Barbie Brigate Rosse
Barbie Brigate Rosse: l’accostamento fatto dalla studentessa di Trento è inconciliabile. Difficile che da tale abbinamento possa uscire qualcosa di pericoloso

Barbie Brigate Rosse
Barbie Brigate Rosse: l’accostamento fatto dalla studentessa di Trento è inconciliabile. Difficile che da tale abbinamento possa uscire qualcosa di pericoloso
Barbie Brigate Rosse
Barbie Brigate Rosse: l’accostamento fatto dalla studentessa di Trento è inconciliabile. Difficile che da tale abbinamento possa uscire qualcosa di pericoloso
Tutti conoscono la bambola Barbie – di cui si è venduto oltre un miliardo di esemplari in più di cento Paesi – e il personaggio che da essa ha preso vita in canzoni, film e persino in un quadro di Warhol. Tutti gli italiani conoscono (o credono di conoscere) le Brigate Rosse, gruppo clandestino nato all’inizio degli anni Settanta che praticò la lotta armata fino alla fine degli Ottanta, poi rinato per breve tempo a cavallo tra i Novanta e i Duemila e da allora estintosi. C’è oggi una studentessa di Trento che ha pensato male di mettere insieme la Barbie e le Br, postando foto su Instagram con riferimenti a entrambi i soggetti, comprese macabre allusioni alla fine di Aldo Moro. Sono giustamente fioccate critiche e proteste, la giovane si è dimessa dal Consiglio studentesco universitario di cui faceva parte, lamentandosi dell’attenzione ricevuta, ma non facendo adeguata chiarezza sul perché di quelle immagini.
Siamo di fronte a una sciocchezza fatta da una singola persona o a un rigurgito di terrorismo in forme nuove, come qualcuno apertamente paventa sui giornali e in ambienti politici? La Barbie e le Brigate Rosse sono una stranissima coppia. A dimostrarlo, basti un confronto tra la canzone “Barbie Girl”e una lettera scritta ai genitori da Margherita Cagol, una ragazza che all’età di 25 anni fondò le Brigate Rosse insieme a Renato Curcio e ad Alberto Franceschini, morta nel 1975 durante un’irruzione dei carabinieri in una cascina in cui lei e i suoi compagni tenevano sequestrato un ostaggio.
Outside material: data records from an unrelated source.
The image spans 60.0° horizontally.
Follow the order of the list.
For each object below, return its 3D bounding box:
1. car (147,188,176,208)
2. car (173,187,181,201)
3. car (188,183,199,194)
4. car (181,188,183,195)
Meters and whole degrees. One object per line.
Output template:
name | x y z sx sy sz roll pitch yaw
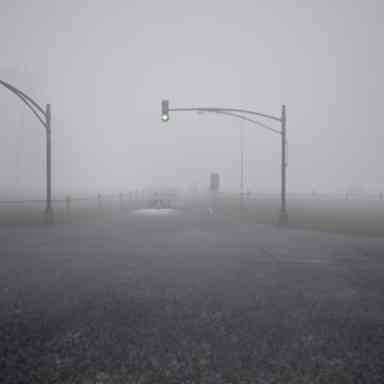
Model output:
car | -2.736 0.650 29.031 1.994 1.385 4.181 0 2 1
car | -2.672 0.199 40.778 1.882 1.535 5.008 0 2 1
car | 0.255 -0.380 59.530 1.882 1.535 5.008 0 2 0
car | -2.542 -0.203 56.046 2.033 1.411 5.357 0 2 1
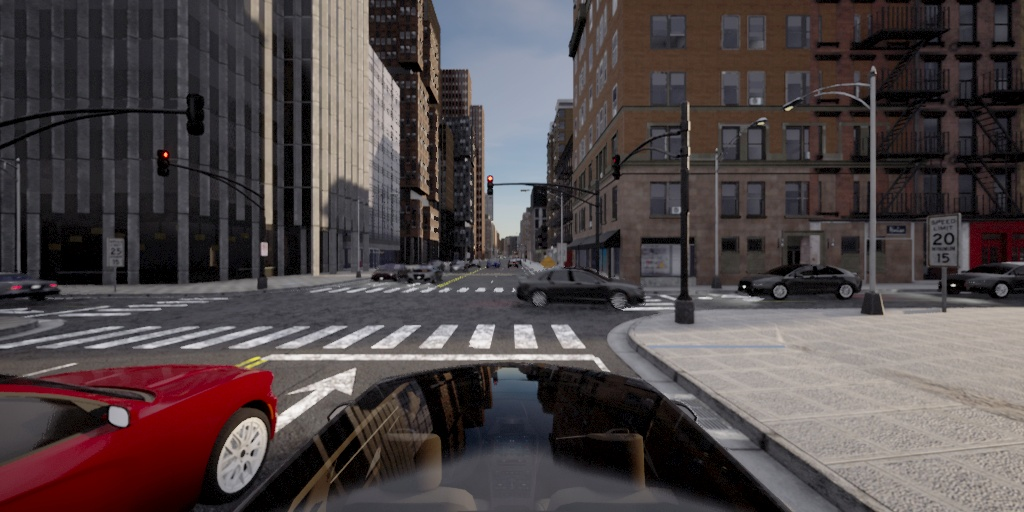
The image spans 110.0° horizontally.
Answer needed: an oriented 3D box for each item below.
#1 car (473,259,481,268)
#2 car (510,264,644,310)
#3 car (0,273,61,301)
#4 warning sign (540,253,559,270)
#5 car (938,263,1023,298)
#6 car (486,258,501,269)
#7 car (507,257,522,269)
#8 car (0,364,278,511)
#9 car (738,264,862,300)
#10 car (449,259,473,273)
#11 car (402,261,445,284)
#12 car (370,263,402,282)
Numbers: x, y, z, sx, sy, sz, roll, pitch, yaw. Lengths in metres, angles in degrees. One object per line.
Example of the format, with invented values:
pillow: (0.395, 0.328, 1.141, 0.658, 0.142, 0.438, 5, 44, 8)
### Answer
car: (-6.372, 1.311, 61.313, 1.837, 1.490, 4.892, 0, -1, 1)
car: (2.579, 1.210, 14.043, 4.892, 1.490, 1.837, 0, 2, 13)
car: (-24.140, 1.475, 16.504, 5.357, 1.411, 2.033, 0, 0, 5)
warning sign: (2.915, 0.885, 29.098, 1.300, 1.860, 1.060, 0, 0, 0)
car: (22.304, 1.057, 16.150, 4.892, 1.490, 1.837, 0, 0, 0)
car: (-3.054, 1.154, 59.452, 2.097, 1.767, 4.553, 0, 0, 1)
car: (0.189, 1.306, 58.703, 1.837, 1.490, 4.892, 0, 0, 0)
car: (-3.154, 1.228, 1.379, 1.882, 1.535, 5.008, 0, 0, 0)
car: (12.907, 1.125, 16.233, 4.892, 1.490, 1.837, 0, 0, -1)
car: (-6.493, 1.277, 44.235, 2.128, 1.511, 4.902, 0, 0, 0)
car: (-6.539, 1.331, 27.215, 1.994, 1.385, 4.181, 0, 0, 0)
car: (-9.785, 1.317, 29.525, 2.033, 1.411, 5.357, 0, 0, 0)
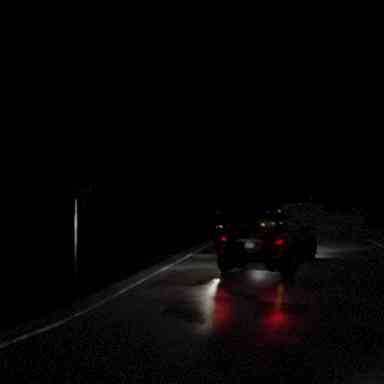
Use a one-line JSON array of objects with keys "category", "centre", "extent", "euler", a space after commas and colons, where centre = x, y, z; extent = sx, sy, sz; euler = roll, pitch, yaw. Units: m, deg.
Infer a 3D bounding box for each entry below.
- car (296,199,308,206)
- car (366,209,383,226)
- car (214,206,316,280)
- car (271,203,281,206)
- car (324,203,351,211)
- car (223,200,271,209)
[{"category": "car", "centre": [26.782, 2.756, 81.488], "extent": [2.150, 2.045, 5.566], "euler": [0, -1, 17]}, {"category": "car", "centre": [15.948, 1.913, 26.190], "extent": [3.988, 1.617, 1.851], "euler": [0, -1, 17]}, {"category": "car", "centre": [2.581, 1.477, 10.688], "extent": [2.097, 1.767, 4.553], "euler": [-1, -2, 30]}, {"category": "car", "centre": [8.165, 1.932, 33.590], "extent": [2.097, 1.767, 4.553], "euler": [0, -1, 17]}, {"category": "car", "centre": [25.268, 2.622, 57.851], "extent": [4.181, 1.381, 1.994], "euler": [0, -1, 17]}, {"category": "car", "centre": [2.425, 1.418, 15.569], "extent": [2.150, 2.045, 5.566], "euler": [-1, -1, 12]}]
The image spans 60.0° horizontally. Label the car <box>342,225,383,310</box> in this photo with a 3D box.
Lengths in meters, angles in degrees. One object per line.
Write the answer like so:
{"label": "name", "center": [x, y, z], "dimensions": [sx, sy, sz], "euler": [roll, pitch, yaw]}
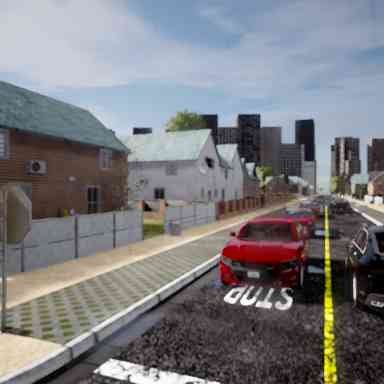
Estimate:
{"label": "car", "center": [4.523, 1.499, 7.414], "dimensions": [1.837, 1.490, 4.892], "euler": [0, 0, 22]}

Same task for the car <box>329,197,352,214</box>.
{"label": "car", "center": [15.724, 1.469, 35.118], "dimensions": [2.128, 1.511, 4.902], "euler": [0, 0, 23]}

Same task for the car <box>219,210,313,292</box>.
{"label": "car", "center": [2.232, 1.475, 9.352], "dimensions": [1.882, 1.535, 5.008], "euler": [0, 0, 22]}

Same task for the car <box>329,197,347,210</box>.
{"label": "car", "center": [19.557, 1.464, 44.752], "dimensions": [2.128, 1.511, 4.902], "euler": [0, 0, 22]}

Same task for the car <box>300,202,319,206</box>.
{"label": "car", "center": [10.475, 1.585, 29.788], "dimensions": [1.895, 1.301, 4.718], "euler": [0, 0, 22]}

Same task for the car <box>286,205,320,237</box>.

«I’m a Barbie girl, in a Barbie world. Life in plastic, it’s fantastic! You can brush my hair, undress me everywhere. Imagination, life is your creation. Come on Barbie, let’s go party!» sono le parole intorno alle quali è strutturata la canzone. Coerenti con l’ispirazione della creatrice della bambola, Ruth Handler, che volle dare a Barbie l’aspetto di una donna adulta consumista, «di bell’aspetto ma priva di spessore e sostanzialmente stupida» (Wikipedia), diversamente dalle bambole tradizionali. Insomma, la quintessenza del primato del privato sul politico o della frivolezza, se si vuole. La negazione del femminismo, anche.
Come vedeva sé stessa Cagol? Veniva da un paesino in provincia di Trento, da una famiglia piccolo-borghese e religiosa, si era diplomata in ragioneria ed era un’ottima chitarrista classica. Iscrittasi all’Università di Trento, rimase folgorata dagli ideali rivoluzionari che gli studenti stavano abbracciando e diffondendo, così cambiò vita. Si trasferì a Milano e da lì spiegò ai suoi genitori: «Ora tocca a me e ai tanti compagni che vogliono combattere questo potere borghese ormai marcio (…) grazie a voi sono cresciuta istruita, intelligente e soprattutto forte (…) la storia mi dà ragione (…) Milano che in un primo momento mi è parsa luminosa, piena di attrattive, mi appare sempre di più un mostro feroce che divora tutto ciò che di naturale, di umano e di essenziale c’è nella vita (…) violenta ogni minuto tutti noi togliendoci ogni cosa che possa in qualche modo emanciparci o farci sentire veramente quello che siamo (…) ci reprime (…) ci manipola nei bisogni, nell’informazione (…) tutto ciò che è possibile fare per combattere questo sistema è dovere farlo, perché questo io credo sia il senso profondo della nostra vita».
Difficile che da un abbinamento tra Barbie e Brigate Rosse possa uscire qualcosa di consistente e pericoloso. Ultimamente negli atenei non sono mancati episodi di prepotenze e intimidazioni di cui preoccuparsi, ma riguardano altre storie.